:: Material provided
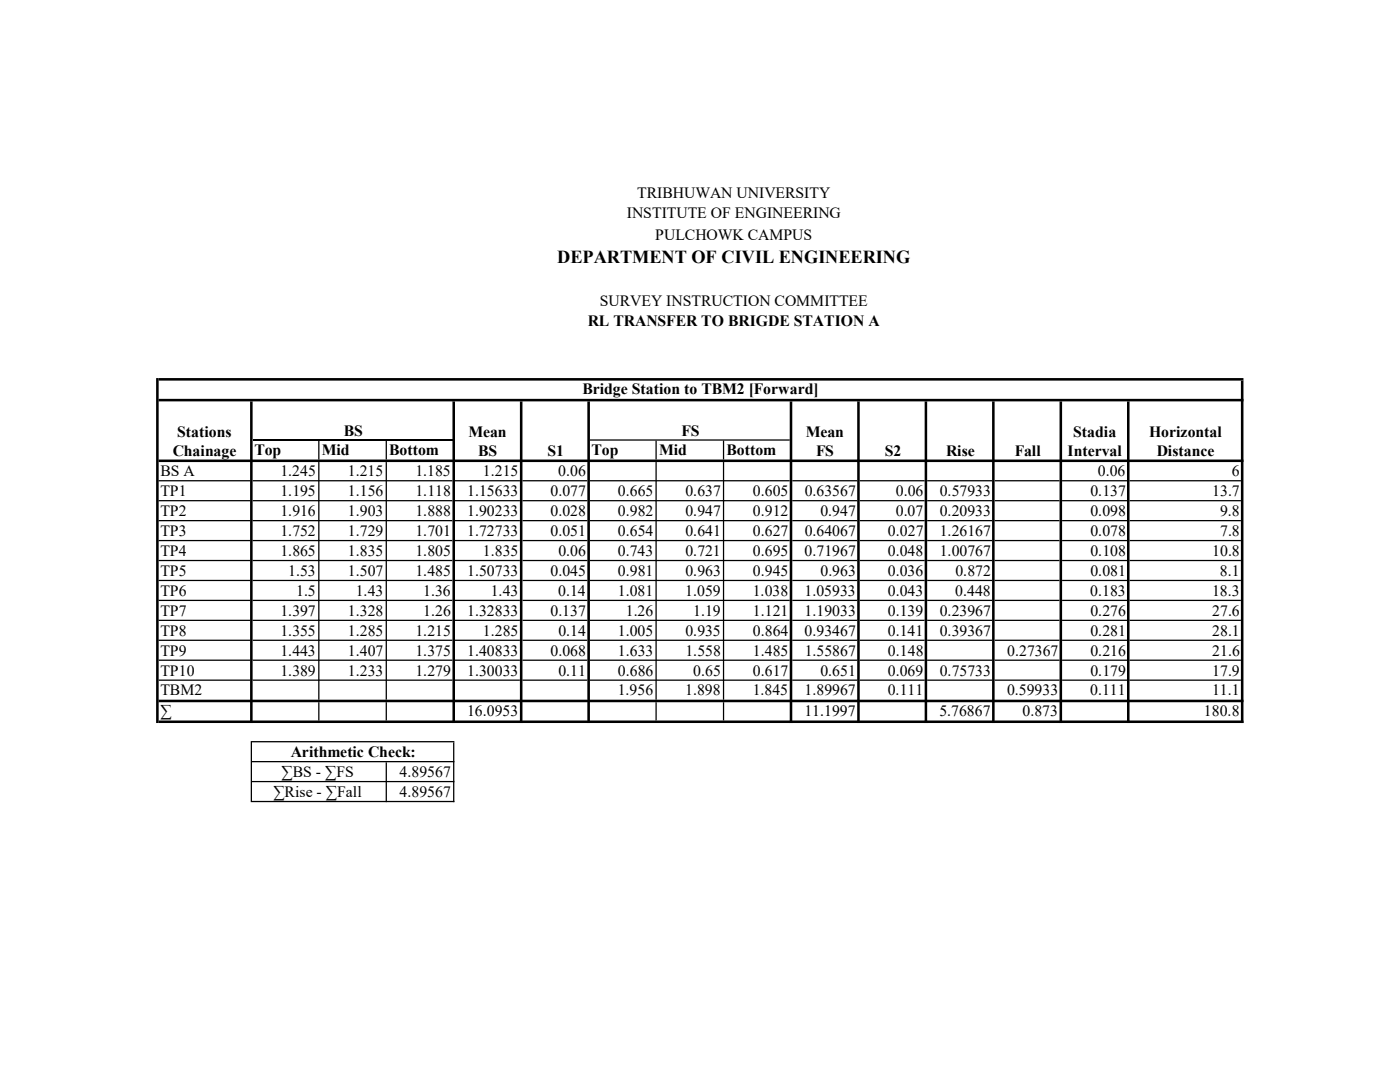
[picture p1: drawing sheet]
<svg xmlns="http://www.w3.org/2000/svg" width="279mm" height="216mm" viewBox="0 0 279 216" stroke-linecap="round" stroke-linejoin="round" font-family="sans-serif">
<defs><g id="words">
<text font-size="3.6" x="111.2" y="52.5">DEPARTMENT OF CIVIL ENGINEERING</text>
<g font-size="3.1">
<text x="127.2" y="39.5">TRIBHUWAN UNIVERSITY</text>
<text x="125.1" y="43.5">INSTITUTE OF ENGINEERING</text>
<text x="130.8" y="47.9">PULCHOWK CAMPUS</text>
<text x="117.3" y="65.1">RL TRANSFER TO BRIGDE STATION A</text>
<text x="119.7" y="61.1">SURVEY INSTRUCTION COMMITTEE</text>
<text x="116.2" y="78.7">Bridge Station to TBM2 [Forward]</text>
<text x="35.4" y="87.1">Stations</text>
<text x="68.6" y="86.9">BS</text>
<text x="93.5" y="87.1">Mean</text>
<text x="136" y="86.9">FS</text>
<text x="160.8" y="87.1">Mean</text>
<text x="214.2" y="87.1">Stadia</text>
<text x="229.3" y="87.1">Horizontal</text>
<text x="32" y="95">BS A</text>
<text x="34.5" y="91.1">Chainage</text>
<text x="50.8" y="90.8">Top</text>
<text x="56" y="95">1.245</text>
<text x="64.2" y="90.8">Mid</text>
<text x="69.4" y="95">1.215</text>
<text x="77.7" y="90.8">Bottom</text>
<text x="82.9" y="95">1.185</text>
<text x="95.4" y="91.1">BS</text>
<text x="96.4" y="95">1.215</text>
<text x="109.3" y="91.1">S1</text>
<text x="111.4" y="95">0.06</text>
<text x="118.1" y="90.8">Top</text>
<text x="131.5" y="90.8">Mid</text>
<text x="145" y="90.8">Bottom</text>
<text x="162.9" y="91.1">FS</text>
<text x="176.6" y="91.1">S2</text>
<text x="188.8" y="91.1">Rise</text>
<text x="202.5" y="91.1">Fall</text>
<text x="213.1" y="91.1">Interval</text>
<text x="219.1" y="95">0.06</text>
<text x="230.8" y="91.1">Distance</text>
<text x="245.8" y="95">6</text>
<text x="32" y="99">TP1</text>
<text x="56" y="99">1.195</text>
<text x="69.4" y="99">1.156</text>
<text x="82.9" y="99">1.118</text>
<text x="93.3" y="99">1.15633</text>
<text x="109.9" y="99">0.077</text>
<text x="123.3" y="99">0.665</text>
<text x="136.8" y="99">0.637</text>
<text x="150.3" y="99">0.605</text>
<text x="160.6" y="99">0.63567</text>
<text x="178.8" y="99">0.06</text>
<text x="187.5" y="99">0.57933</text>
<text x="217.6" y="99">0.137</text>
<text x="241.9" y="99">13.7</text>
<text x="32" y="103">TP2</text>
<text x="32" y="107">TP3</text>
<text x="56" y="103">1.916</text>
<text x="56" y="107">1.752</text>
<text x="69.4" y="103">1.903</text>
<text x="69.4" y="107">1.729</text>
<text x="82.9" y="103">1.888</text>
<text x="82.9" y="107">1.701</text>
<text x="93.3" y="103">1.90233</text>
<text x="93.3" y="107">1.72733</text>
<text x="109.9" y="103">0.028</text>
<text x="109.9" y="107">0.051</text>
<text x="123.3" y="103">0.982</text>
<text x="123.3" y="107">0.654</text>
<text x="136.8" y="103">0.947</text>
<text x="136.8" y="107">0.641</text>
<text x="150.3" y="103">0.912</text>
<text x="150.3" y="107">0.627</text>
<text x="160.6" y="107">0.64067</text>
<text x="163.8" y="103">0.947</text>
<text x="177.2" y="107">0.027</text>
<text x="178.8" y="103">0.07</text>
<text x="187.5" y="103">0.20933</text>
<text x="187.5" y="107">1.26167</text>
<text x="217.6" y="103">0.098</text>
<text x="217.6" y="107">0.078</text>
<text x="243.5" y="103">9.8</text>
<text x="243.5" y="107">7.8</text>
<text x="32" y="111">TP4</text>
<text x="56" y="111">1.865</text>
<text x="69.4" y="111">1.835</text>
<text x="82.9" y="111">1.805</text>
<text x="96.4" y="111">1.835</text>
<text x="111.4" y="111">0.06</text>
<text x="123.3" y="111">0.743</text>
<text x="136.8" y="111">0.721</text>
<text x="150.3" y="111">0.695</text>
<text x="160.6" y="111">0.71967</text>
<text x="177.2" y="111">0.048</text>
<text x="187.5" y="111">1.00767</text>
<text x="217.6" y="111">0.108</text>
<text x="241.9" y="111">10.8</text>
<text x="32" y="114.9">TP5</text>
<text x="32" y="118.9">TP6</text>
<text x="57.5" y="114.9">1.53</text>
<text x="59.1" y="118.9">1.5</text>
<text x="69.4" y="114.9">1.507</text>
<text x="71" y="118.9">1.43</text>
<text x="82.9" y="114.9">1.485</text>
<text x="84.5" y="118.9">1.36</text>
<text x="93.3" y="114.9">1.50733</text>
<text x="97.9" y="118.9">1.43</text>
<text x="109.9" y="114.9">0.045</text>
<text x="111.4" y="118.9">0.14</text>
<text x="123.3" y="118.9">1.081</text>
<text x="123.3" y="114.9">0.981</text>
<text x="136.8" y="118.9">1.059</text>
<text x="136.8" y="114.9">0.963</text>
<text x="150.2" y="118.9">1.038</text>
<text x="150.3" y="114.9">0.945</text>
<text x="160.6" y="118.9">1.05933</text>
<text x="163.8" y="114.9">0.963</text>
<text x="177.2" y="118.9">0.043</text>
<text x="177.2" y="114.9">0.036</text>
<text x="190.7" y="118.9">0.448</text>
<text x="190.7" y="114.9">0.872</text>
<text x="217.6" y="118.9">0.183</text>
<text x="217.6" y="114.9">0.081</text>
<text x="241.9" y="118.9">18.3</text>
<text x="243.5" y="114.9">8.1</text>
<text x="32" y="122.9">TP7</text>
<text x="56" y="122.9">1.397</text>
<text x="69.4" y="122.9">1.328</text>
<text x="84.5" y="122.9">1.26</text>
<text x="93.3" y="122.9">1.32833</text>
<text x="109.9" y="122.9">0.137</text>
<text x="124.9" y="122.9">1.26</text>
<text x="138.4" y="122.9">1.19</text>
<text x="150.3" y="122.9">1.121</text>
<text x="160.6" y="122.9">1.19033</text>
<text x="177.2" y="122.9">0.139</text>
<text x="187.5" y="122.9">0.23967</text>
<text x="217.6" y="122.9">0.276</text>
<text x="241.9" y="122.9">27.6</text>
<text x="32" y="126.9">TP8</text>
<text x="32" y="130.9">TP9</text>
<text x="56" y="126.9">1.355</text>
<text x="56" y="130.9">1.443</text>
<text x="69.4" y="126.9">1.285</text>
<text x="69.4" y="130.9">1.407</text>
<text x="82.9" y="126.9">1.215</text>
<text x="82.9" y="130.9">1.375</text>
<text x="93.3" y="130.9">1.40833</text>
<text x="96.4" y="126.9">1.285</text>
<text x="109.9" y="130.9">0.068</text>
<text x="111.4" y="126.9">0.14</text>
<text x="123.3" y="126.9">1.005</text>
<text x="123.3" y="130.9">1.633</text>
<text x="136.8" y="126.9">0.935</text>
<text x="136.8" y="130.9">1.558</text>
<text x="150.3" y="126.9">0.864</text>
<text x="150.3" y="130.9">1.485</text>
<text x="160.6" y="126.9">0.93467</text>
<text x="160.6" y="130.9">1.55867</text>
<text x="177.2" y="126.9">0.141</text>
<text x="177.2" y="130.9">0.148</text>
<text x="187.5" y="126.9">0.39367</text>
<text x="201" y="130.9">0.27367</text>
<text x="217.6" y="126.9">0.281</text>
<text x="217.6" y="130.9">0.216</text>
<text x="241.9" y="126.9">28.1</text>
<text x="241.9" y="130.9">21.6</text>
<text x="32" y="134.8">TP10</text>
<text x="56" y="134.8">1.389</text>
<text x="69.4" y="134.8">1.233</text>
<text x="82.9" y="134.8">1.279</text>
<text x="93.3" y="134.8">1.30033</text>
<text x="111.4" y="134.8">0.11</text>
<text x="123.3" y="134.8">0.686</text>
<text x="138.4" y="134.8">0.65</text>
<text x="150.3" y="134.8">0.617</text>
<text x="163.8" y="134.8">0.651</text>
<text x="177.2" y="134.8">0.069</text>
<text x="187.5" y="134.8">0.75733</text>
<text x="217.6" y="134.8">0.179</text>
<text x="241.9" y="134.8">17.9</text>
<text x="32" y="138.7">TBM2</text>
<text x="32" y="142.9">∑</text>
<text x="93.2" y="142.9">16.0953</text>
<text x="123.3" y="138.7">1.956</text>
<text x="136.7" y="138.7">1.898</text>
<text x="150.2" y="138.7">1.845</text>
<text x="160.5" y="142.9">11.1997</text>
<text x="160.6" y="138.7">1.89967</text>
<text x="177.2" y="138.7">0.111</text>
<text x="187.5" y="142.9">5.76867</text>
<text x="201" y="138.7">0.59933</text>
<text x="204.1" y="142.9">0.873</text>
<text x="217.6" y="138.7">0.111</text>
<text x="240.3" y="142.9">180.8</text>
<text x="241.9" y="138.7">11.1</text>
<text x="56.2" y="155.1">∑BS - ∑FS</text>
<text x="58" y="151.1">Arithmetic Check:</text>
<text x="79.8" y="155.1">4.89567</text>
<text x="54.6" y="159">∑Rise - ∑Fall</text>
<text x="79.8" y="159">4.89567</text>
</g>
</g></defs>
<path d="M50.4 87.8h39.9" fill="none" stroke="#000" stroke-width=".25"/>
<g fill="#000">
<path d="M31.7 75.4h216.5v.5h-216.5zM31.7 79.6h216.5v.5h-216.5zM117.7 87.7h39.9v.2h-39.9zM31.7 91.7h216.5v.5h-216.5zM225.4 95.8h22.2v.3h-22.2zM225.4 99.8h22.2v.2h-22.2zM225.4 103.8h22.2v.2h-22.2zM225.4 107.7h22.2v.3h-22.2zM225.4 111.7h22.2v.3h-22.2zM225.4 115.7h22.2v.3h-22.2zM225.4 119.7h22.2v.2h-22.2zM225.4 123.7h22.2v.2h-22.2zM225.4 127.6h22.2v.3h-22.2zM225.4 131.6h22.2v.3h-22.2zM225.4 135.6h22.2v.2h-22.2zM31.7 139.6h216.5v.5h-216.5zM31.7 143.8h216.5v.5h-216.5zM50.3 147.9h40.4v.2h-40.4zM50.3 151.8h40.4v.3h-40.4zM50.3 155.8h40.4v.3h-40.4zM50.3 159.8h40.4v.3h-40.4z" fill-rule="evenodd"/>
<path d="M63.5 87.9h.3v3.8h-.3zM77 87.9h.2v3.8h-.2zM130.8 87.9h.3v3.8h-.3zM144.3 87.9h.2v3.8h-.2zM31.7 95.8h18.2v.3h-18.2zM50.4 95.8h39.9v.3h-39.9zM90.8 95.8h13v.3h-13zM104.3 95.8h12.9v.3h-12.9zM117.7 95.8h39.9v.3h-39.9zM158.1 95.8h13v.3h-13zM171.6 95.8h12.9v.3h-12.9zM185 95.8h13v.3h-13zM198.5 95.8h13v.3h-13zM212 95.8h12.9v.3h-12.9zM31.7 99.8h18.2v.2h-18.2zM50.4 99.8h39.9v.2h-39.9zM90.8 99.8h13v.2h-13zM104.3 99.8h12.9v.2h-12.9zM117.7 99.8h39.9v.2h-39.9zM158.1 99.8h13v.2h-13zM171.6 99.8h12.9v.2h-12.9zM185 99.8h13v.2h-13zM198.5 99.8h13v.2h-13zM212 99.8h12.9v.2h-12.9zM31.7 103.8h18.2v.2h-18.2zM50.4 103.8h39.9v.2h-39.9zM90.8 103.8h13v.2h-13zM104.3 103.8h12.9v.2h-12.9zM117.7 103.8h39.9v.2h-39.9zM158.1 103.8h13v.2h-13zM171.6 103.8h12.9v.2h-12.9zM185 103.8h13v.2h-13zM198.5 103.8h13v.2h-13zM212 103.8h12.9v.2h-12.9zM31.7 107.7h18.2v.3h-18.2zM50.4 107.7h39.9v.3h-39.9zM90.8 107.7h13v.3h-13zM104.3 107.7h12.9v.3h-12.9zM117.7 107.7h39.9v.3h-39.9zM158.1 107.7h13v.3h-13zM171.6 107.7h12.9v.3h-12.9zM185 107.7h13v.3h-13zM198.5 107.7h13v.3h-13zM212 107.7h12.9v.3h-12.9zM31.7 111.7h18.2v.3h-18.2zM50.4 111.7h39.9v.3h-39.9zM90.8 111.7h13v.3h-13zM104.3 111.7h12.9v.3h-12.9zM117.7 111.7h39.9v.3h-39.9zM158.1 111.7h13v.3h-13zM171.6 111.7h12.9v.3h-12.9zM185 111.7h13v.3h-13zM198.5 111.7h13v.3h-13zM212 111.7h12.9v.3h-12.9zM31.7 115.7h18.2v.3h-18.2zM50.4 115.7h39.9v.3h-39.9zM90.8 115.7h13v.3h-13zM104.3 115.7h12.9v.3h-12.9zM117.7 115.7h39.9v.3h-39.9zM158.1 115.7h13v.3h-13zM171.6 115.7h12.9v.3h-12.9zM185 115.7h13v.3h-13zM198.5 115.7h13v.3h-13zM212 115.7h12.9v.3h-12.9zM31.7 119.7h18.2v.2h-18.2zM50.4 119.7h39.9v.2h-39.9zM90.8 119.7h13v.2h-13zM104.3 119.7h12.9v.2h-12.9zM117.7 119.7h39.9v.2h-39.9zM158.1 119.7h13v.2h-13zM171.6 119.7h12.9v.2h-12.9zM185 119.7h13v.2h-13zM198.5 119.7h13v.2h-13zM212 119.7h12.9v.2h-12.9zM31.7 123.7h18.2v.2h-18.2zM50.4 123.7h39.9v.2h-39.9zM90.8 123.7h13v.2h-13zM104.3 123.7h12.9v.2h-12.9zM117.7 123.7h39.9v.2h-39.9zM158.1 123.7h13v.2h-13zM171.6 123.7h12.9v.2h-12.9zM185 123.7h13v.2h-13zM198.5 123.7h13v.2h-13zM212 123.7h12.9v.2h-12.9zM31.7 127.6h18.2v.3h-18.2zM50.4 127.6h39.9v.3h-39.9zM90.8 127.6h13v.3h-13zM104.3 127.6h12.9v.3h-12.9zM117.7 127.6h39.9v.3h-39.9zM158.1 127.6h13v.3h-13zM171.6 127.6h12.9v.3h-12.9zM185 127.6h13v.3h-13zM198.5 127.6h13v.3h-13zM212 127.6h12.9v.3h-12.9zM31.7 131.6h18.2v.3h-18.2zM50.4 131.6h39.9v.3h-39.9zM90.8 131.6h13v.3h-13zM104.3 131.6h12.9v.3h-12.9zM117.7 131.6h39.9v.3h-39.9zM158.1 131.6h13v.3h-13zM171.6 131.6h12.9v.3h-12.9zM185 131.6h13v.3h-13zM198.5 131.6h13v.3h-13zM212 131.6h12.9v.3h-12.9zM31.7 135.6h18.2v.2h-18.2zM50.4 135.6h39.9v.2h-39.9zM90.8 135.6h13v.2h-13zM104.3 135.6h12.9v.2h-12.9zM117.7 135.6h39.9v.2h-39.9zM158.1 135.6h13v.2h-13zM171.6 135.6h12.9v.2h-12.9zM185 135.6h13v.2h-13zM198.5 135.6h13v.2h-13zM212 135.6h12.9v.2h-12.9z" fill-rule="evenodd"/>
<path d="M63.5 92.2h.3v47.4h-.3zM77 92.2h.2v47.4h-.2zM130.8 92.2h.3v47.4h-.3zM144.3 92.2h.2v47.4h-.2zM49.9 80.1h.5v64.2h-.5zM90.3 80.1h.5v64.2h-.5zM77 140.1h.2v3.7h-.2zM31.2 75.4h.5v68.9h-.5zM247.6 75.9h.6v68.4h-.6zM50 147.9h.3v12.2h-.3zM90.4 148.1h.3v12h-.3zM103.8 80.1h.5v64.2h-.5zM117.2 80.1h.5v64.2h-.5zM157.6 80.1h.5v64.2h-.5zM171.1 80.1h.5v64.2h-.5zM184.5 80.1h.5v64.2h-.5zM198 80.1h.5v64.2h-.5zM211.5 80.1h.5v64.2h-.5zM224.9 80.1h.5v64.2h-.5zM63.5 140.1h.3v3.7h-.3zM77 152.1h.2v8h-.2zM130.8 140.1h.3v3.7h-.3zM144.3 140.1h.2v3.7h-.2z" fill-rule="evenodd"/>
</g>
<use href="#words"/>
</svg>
::::
Task directions: Within the records above, determine how many lines contain the word "stroke". Respond with that number and no other text.

Written answer: 2